Many liberal minded people believe that women and gay men are natural allies. I don’t see how gay men are any more feminist than liberal-minded heterosexual men. If anything, I feel comfortable saying that they both are equally sexist/misogynist. It is just their sexism is  manifested in different ways.

Of course Donald Trump was not going to strip Miss California of her title, Donald Trump is a patriarch. In other words, he is a sexist. Without examining his personal life, one just has to watch him interact with female apprentice candidates on that stupid show he used to peacock about to determine what he thinks of women.

Since all the players have been white and/or white identified (if you want to get nit-picky about exactly what Perez Hilton may or may not be, he is white-identified, thus white for this deconstruction), racism and classism cannot distract you from seeing the clear cut sexist facts in this latest manufactured drama.

Donald Trump hates women. He demonstrates this by being head poo-bah in charge of the of the let’s view women as fuckable brigade. In his world, women are objects for male pleasure. Female value is determined by which woman is most feminine/the most fuckable. By Trump’s rulebook, Miss California did absolutely nothing wrong. Breast implants are to the benefit of men. Posing nude or partially nude is to the benefit of men. Competing in a pageant that sanctions the parading of a female body is to the benefit of men. Advocating heterosexual marriage is to the benefit of men. As a woman in the patriarchy, Miss California did her duty to the best of her ability.

Perez Hilton hates women. He demonstrates this by making money off celebrity gossip, –the very industry that unapologetically view women as fuckable objects. (He exploits the popularity of Paris Hilton’s name, FFS.  His real name is Mario Armando Lavandeira ). Perez Hilton homosexuality does not make him an automatic  ally to women. He uses misogyny to further his agenda; the gay males should have equal access to exploiting women as heterosexual males do agenda. Yes, some could argue that the use of word gay is meant to include lesbians, but, in reality, we all know the Perez Hiltons’ of the world only care about gay men. And some can stretch what I am saying and claim it is anti-gay. Not at all. Perez Hilton simply wants to be equal to heterosexual men, and if that goal is achieved at the expense of women, so be it.

Instead of taking on patriarchal institutions, Perez Hilton used an opportunity to spew venom at a woman. More than likely, he knew what her answer would be.  Nothing Miss California said or did is worse than what Donald Trump says and does daily. Her agency in a patriarchy is limited; Trump’s and Hilton’s  agency is not limited.  Why didn’t Hilton go after Trump? After all, Trump says and does everything Miss California said and did, except he has power and money behind his words and actions. Yet, Perez Hilton chose a woman as his target. Why?

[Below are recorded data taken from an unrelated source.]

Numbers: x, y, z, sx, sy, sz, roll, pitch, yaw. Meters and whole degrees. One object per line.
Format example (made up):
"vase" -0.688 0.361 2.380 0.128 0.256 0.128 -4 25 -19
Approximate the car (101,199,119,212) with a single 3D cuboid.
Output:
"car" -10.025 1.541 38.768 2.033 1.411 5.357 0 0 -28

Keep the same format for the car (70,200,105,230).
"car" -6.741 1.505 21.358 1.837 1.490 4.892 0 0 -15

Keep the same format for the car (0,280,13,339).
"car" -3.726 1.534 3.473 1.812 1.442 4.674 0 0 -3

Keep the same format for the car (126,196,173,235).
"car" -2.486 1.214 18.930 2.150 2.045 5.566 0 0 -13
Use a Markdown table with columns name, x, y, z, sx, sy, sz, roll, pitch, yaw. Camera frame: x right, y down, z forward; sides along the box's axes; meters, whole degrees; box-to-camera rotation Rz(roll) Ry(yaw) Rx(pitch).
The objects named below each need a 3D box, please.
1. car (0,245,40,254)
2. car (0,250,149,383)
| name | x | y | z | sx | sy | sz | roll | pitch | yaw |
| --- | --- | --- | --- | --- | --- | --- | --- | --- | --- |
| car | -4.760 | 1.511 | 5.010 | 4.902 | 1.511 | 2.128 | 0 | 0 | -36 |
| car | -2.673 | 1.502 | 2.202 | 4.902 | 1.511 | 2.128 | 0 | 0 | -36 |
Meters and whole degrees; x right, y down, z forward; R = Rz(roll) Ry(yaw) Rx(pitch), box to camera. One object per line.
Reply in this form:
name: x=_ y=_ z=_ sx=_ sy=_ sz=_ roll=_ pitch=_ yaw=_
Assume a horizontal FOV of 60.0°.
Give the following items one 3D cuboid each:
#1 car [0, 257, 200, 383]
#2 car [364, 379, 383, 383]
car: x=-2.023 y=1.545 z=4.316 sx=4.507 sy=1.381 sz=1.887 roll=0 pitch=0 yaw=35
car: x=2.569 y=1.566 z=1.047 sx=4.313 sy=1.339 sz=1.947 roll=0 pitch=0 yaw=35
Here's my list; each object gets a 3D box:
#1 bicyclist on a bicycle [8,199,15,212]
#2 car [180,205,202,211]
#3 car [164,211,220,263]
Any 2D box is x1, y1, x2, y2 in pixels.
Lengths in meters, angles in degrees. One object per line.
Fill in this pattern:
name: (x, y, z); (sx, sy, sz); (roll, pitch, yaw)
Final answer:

So how are Trump and Hilton different? They aren’t. They are both misogynists. And anyone who condemns Miss California’s tool-ness instead of questioning Trump’s and Hilton’s sexism/misogyny should perhaps examine his or her own misogyny first.

22 Comments
  1. kamododragon permalink
    May 12, 2009 8:23 pm

    I think that Prez Hilton is one of the most sexist, misogynist gay men I have ever come across. He’s so vile, that every time I see his crap on Tv or his face on Tv, I get those weird vibes. What he did to Miss California, was so wrong and to go on Skype to spew his sexist, misogynistic hatred of women for all to see, show’s that Prez Hilton is one of those gay men who have way too much drama on their hands. People like Prez Hilton almost act like [the stereotype of] valley girls with too much drama. What he’s doing to gay men in general is making them look bad.

    • May 12, 2009 8:28 pm

      That’s just it, I don’t think it matters if he is gay or not. He is a man.

    • kamododragon permalink
      May 13, 2009 2:57 am

      Yes he is a man, but what creeps me is what he did afterwords such as what Prez hilton did on his site after the pageant. What he said to Miss California creeped me out.

  2. atheistwoman permalink
    May 12, 2009 8:28 pm

    Thankfully, I’ve pretty much always seen through the gay men as “natural allies” bullshit. Which is why it pretty much sends me a loop that they are now flooding “women’s studies” courses. Well f that.

  3. May 12, 2009 8:34 pm

    Oh, and the red herrings are flying about. Why care what is said about a woman who is so obviously pro-heterosexual? Why care about a woman who has the “agency” to enter into a pageant that is obviously exploitative? Why speak out against the sexism of a gay man, —isn’t he oppressed too? Why why why. Why is it always a woman who gets the vilest shit thrown at her, –regardless of what political sphere she gravitates from or toward?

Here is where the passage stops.